▶ Your assignment
Please output exactly the lines from the one containing "The image size is (924, 1309)." through the end of the records below, leaving out any pictures.

-- Opening Marker --

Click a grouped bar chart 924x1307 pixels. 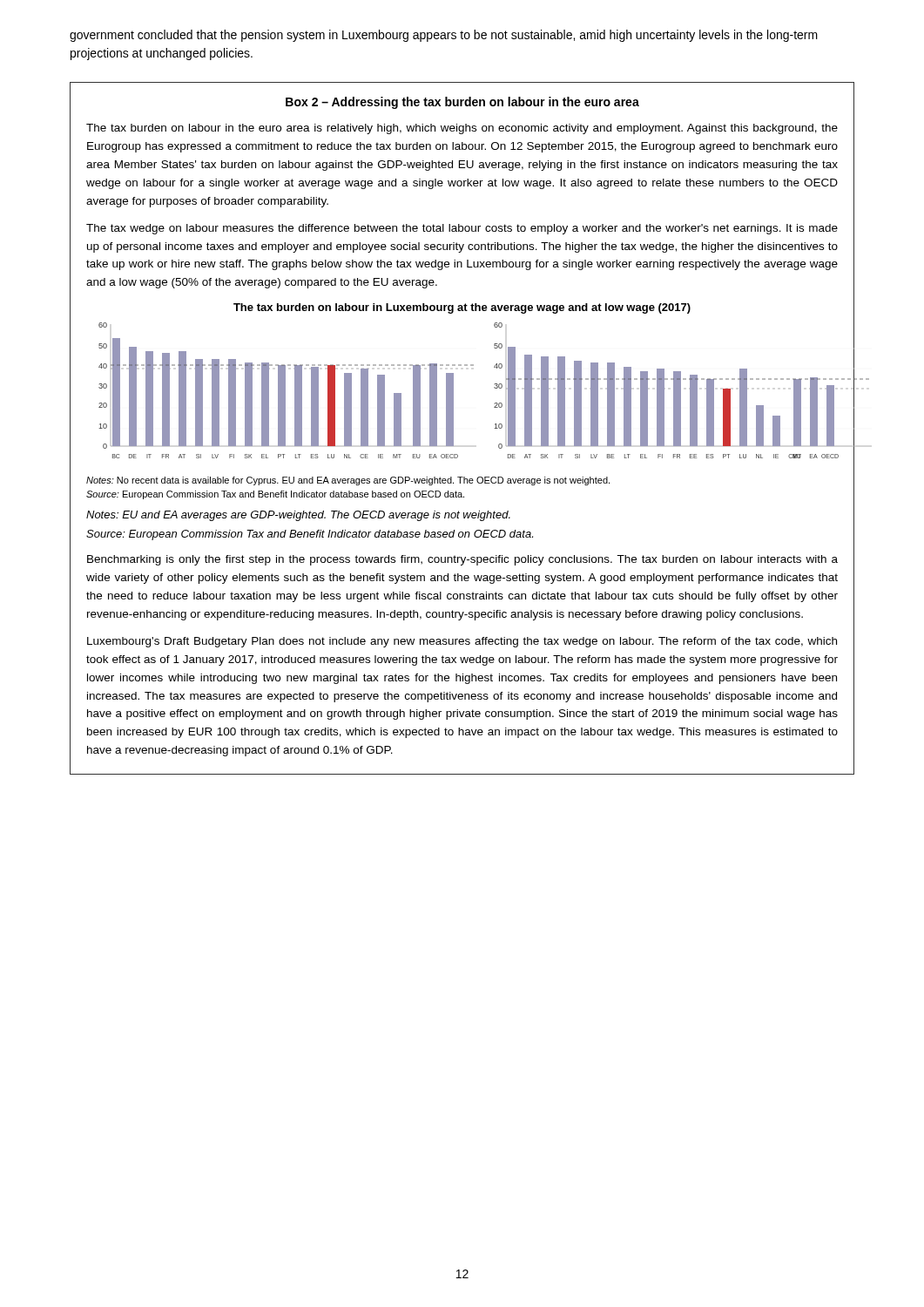point(462,401)
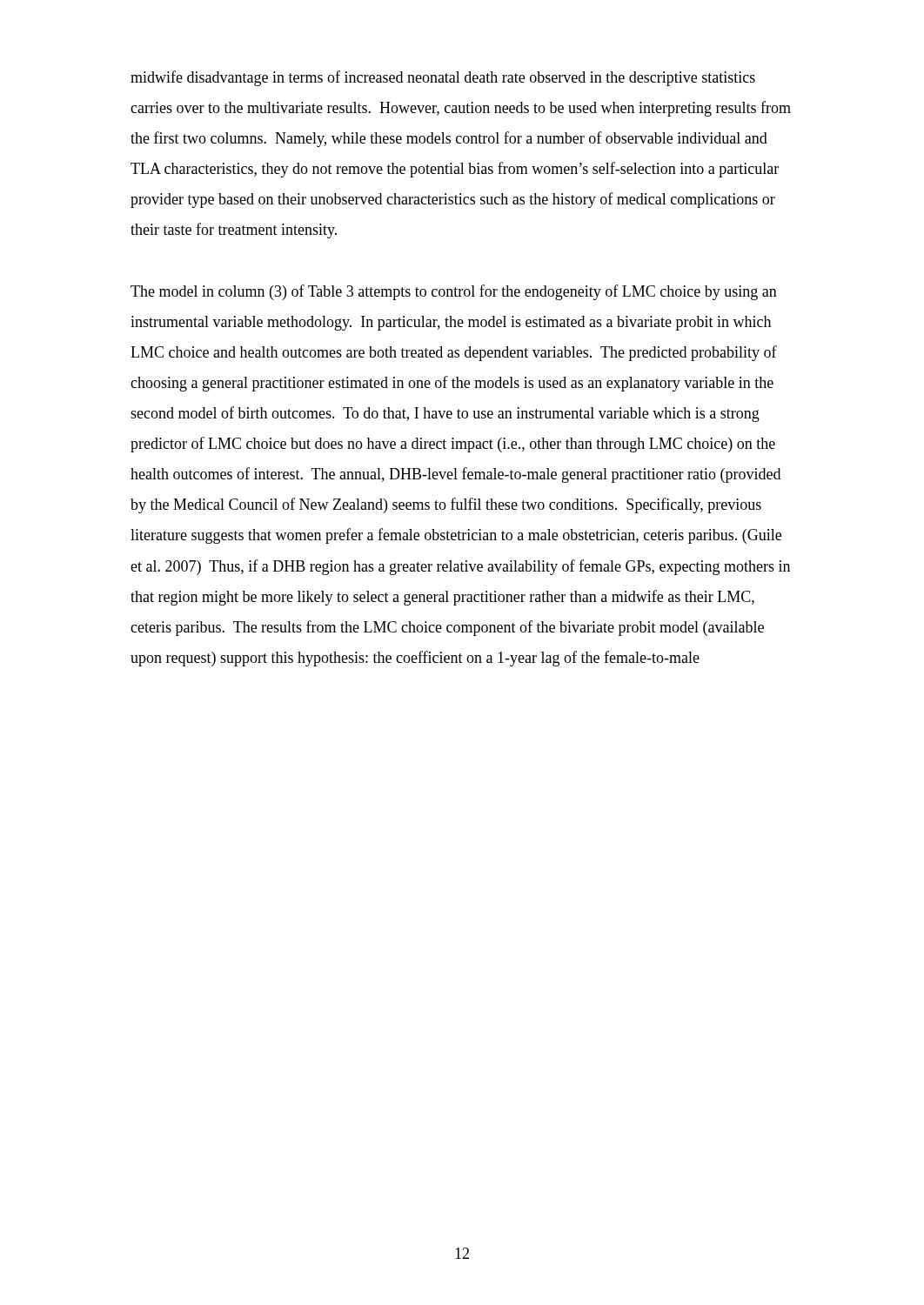Find the text block starting "The model in column (3) of"
924x1305 pixels.
(x=462, y=475)
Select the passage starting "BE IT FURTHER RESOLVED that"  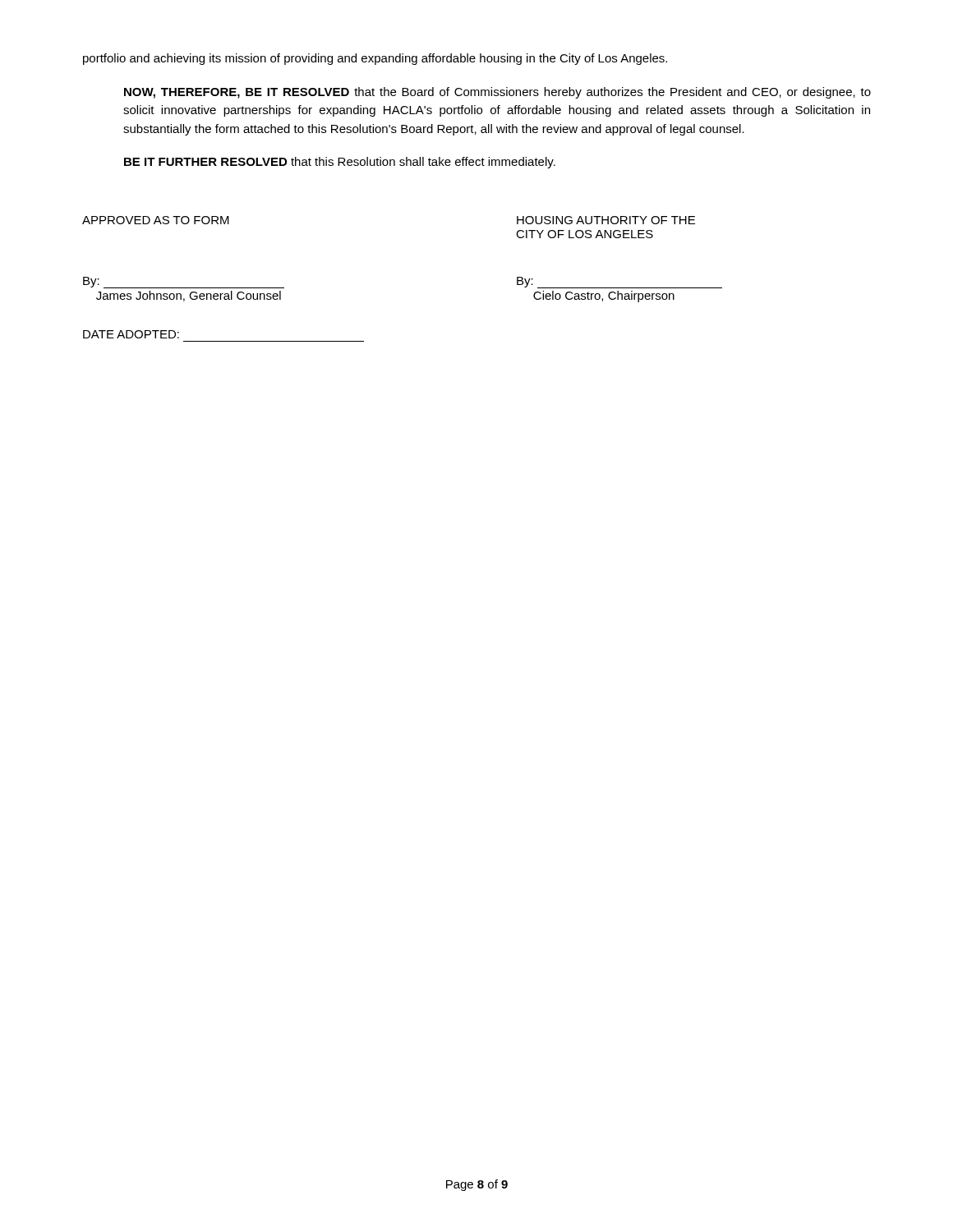pos(340,161)
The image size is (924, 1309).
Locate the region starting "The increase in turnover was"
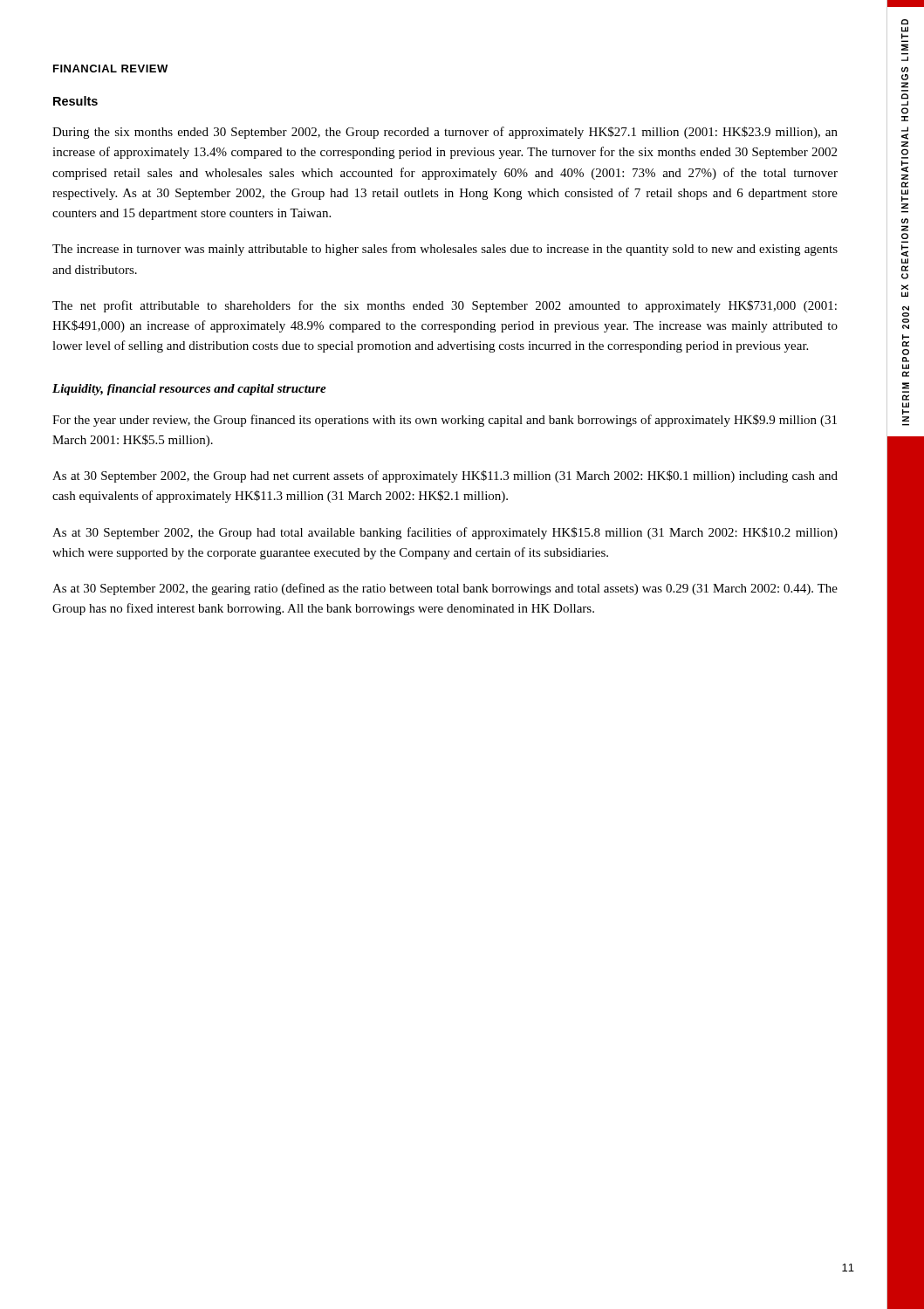point(445,259)

-- Closing Marker --

▶ Your response
The image size is (924, 1309).
Locate the region starting "The increase in turnover was"
point(445,259)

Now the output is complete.